女子栄養大学の五明名誉教授は、「ブドウ糖とビタミンB1を豊富に持つ『胚芽精米』は、まさに理想的なお米」と明言し、毎日の食事として食べることを推奨しています。胚芽精米には、ビタミンB1のほか身体の成長を促すビタミンB2、タンパク質の代謝に欠かせないビタミンB6、抗酸化作用を持ち細胞を若く保つビタミンEなどのビタミンが豊富です。大人はもちろん、育ち盛りで勉強が仕事のお子様にこそ、胚芽精米が重要だと言えるでしょう。
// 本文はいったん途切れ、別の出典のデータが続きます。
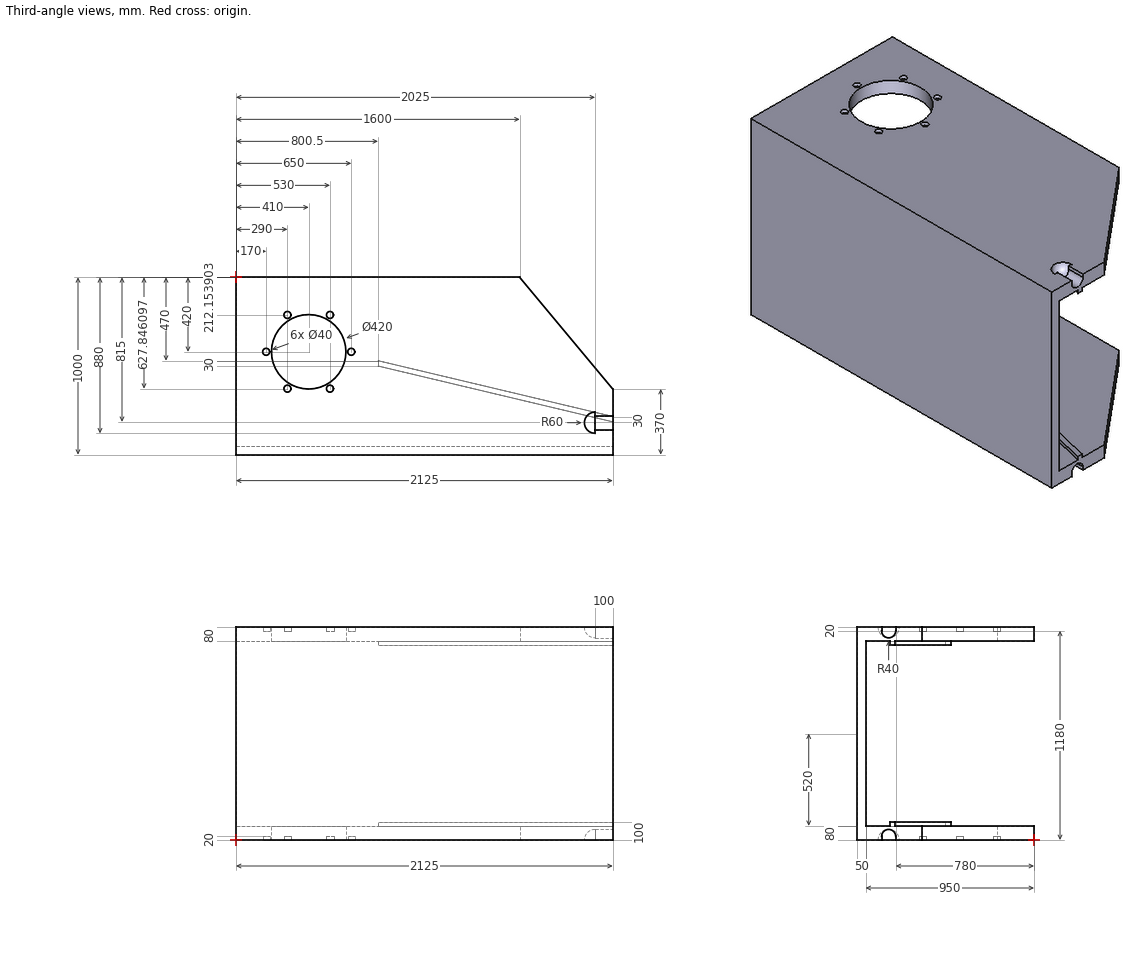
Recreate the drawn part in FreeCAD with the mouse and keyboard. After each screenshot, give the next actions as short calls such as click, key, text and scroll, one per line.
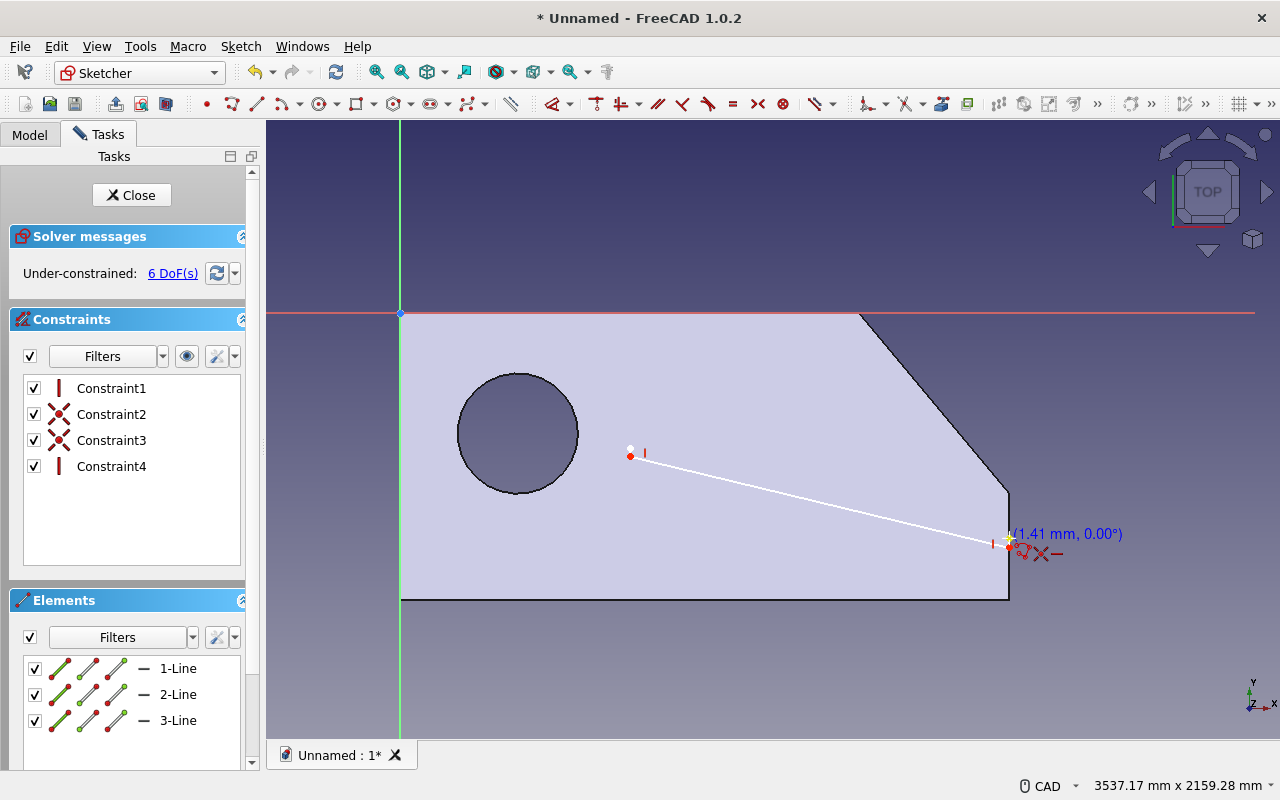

五明名誉教授のインタビュー記事子供の集中力を引き出そう!女子栄養大学が推奨する「はいが精米」とは? は、農林水産省米の消費拡大情報サイト『やっぱりごはんでしょ!』でも取り上げられました。ぜひ、両記事・サイトもチェックしてみてください。
ごはん彩々おすすめ胚芽精米
ごはん彩々では、以下の胚芽精米を取り扱っています。

●山形県産「はえぬき」
際立つ白さ、程よい粘りと旨みで毎日美味しく食べられます。臭みも気にならず、胚芽精米をこれからスタートする人にも食べやすい商品です。
詳しくは「商品紹介ページ」をご参照ください。
●山形県産「はえぬき」無洗米
前述のはえぬきの無洗米バージョンがこちら。忙しい方や環境対策が気になる方におすすめの胚芽精米です。
詳しくは「商品紹介ページ」をご参照ください。
●特別栽培米 山形県産「つや姫」無洗米

農薬・化学肥料を5割以上削減して作られた特別栽培米のつや姫は、濃い味のおかずやプチプチした魚卵、ふりかけなどとも相性が良いのが特徴です。より美味しく自然指向の胚芽精米を食べたい方はぜひこちらを試してみてください。
詳しくは「商品紹介ページ」をご参照ください。
まとめ
胚芽精米は玄米に比べて消化・吸収がよく、白米に比べて栄養価が高い優れたお米です。特に、脳のエネルギー源となる「ブドウ糖(糖質)」と、その糖質をエネルギーに変換する「ビタミンB1」を同時に含むので、重要な栄養源となってくれます。ぜひ、毎日のご飯に胚芽精米を取り入れてはいかがでしょうか。